After evaluating employees’ skills and defining your goals, you should identify the field with gaps. These gaps might already exist in your system or appear in your future business plans. 

As soon as you identify the gaps, you can offer solutions for the company’s needs and help your business do accurate prioritization. Some examples of gaps are as below:

New employees need to gain the technical skills to work on machinery or use software that’s supposed to handle your industry for the next five years. Current employees need more information about legal expressions, which is necessary for the changing aspects of the medical or insurance industries.

It is better to work with temporary workers or freelancers if you can’t wait until new hiring comes on board with the company. They can help to fill the gaps until you hire professional and trained employees to work within your ongoing process.

Conclusion

The skill gap analysis will help companies to develop employees’ skills and train them for future changes to accomplish the company’s objectives. All organizations should plan specific strategies for improving workers’ skills, or they will be left behind in the competitive market. 
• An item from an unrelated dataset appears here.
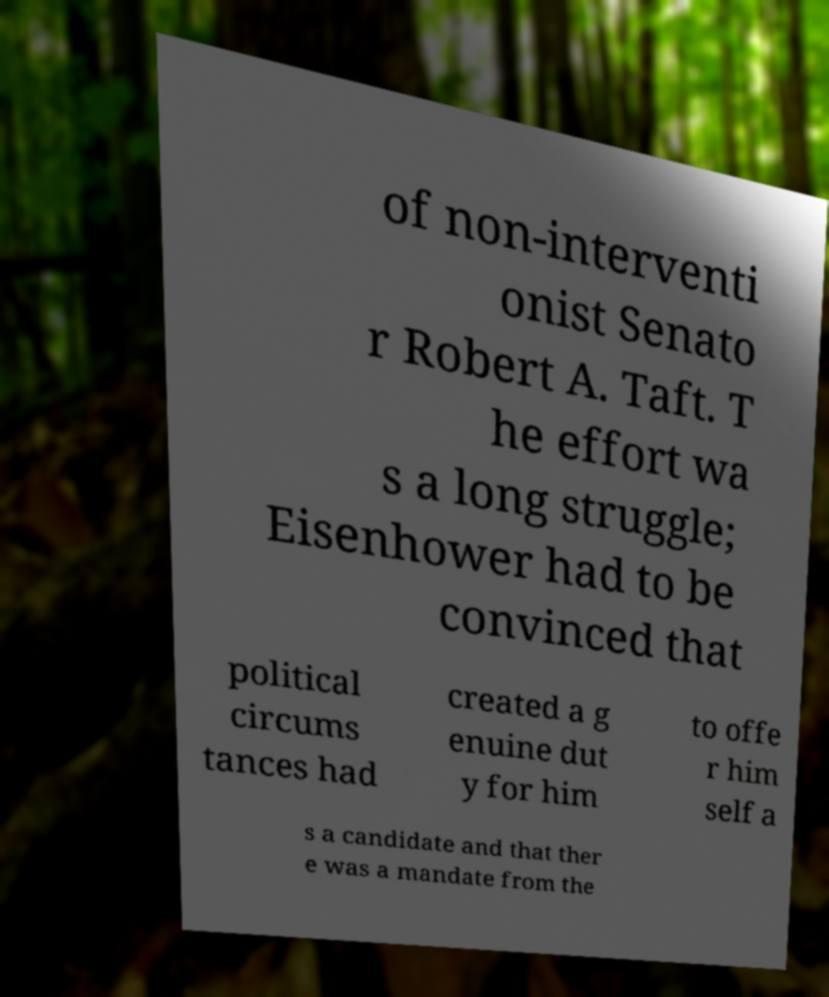For documentation purposes, I need the text within this image transcribed. Could you provide that? of non-interventi onist Senato r Robert A. Taft. T he effort wa s a long struggle; Eisenhower had to be convinced that political circums tances had created a g enuine dut y for him to offe r him self a s a candidate and that ther e was a mandate from the

 Understanding the steps for applying a practical skills gap analysis is a significant first step, but your adventure is still ongoing. 

There are many tools and methods in the marketplace to help you apply skills gap analysis. Choosing a tool that lets you keep the standard date and monitor employees’ progress would be best. The more these tools are unbiased, the better. 

Learning and development teams who have never applied a skills gap analysis should start this process on a minor project to get used to it. For example, they can begin by analyzing the skills gaps of a small department. 

The experience that a team can gain through their first minor-scale skill gap analysis can set the principle for similar attempts at a larger scale for the entire company. You will realize the extent of the changes your company will face in the following years, so it is best to start right now.